伝熱量が同じであれば、総括伝熱係数と伝熱面積は反比例の関係にあり、総括伝熱係数が大きいほど伝熱面積は小さくてすむ。つまり小さな装置ですみ経済的になる。伝熱面積が同じであれば、総括伝熱係数が大きいほど大きな熱量を伝えることが出来る。
プレートヒーターとは
他の熱交換器に比べてプレートヒーターの歴史は浅く、便覧や参考図書にも総括伝熱係数の事例はほとんど示されていないので、ここでプレートヒーターの特徴を述べる。筆者はかつて20 klタンクでたばこ細胞の大量培養の研究を行ったことがある。その時、培地の殺菌にプレートヒーターを使用した。高温短時間で殺菌が出来るからである。

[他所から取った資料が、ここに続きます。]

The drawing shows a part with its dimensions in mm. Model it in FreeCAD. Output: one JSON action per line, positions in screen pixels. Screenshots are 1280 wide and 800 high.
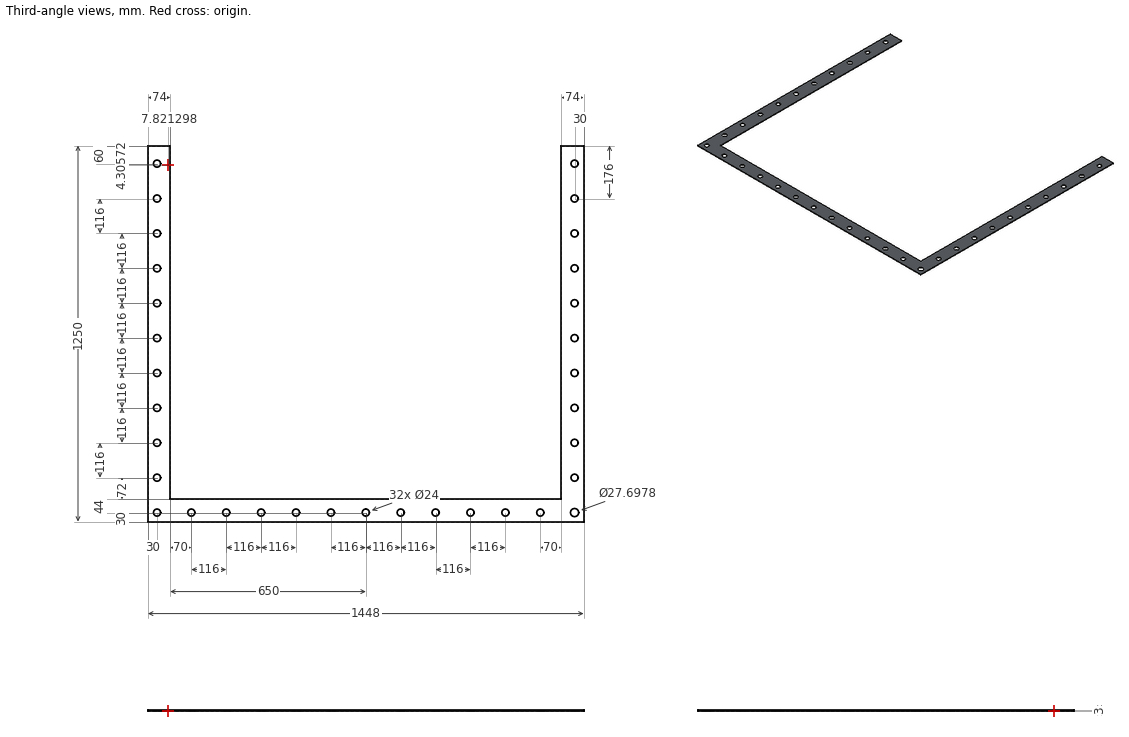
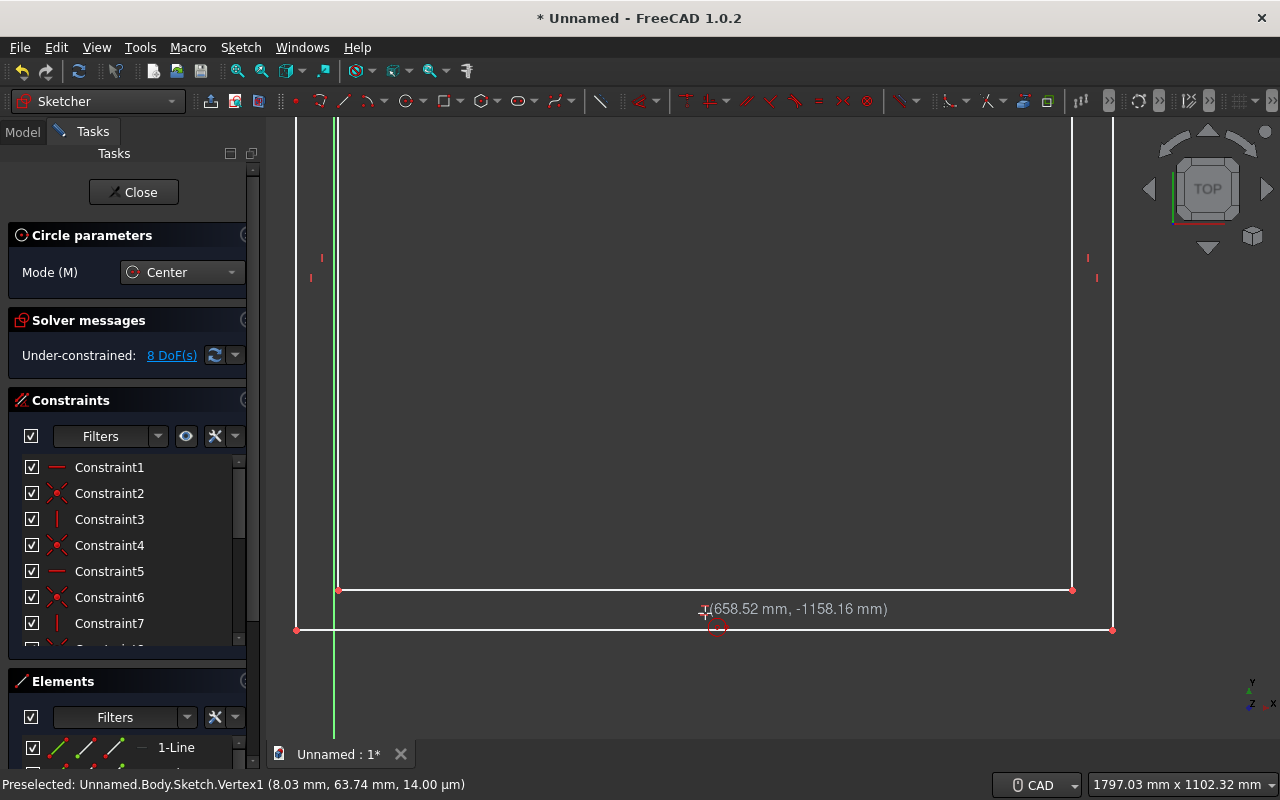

プレートヒーターの簡単な構造を図2に示す。薄い金属プレートを何枚も重ねて締め付ける。ちょうど締付型のイオン交換膜透析装置と同じ構造である。連通孔が構成されるが、プレートの間に挟むガスケットの位置を変えて2流体が一つ置きの区画で別々に流れるようになっている。
プレートヒーターは次のような特徴を持っている。
@伝熱プレートの厚さが薄いためプレート自身の伝熱抵抗が小さい。A装置の設置面積が小さくてすむ。B解体・組立が容易である。C伝熱面積をある程度加減できるので、新たに熱交換器を建設しなくても良い。D放熱面が少ないので、保温面積が小さい。E標準品の大量生産で低コスト化と納期短縮を図れる。F向流により廃熱回収率を向上できる。G流動抵抗が大きいので循環動力が大きくなる。
以上のような特徴があるので、海水濃縮では避けられない伝熱面の付着スケール除去を解体・組立で容易にできる。海水濃縮では材質にチタンを使用しなければならないのでコスト高になる。
適正な熱交換器の使用・操業によって熱利用効率の向上が図れるので、操業方法の検討や設備更新時の課題としてみてはどうだろうか。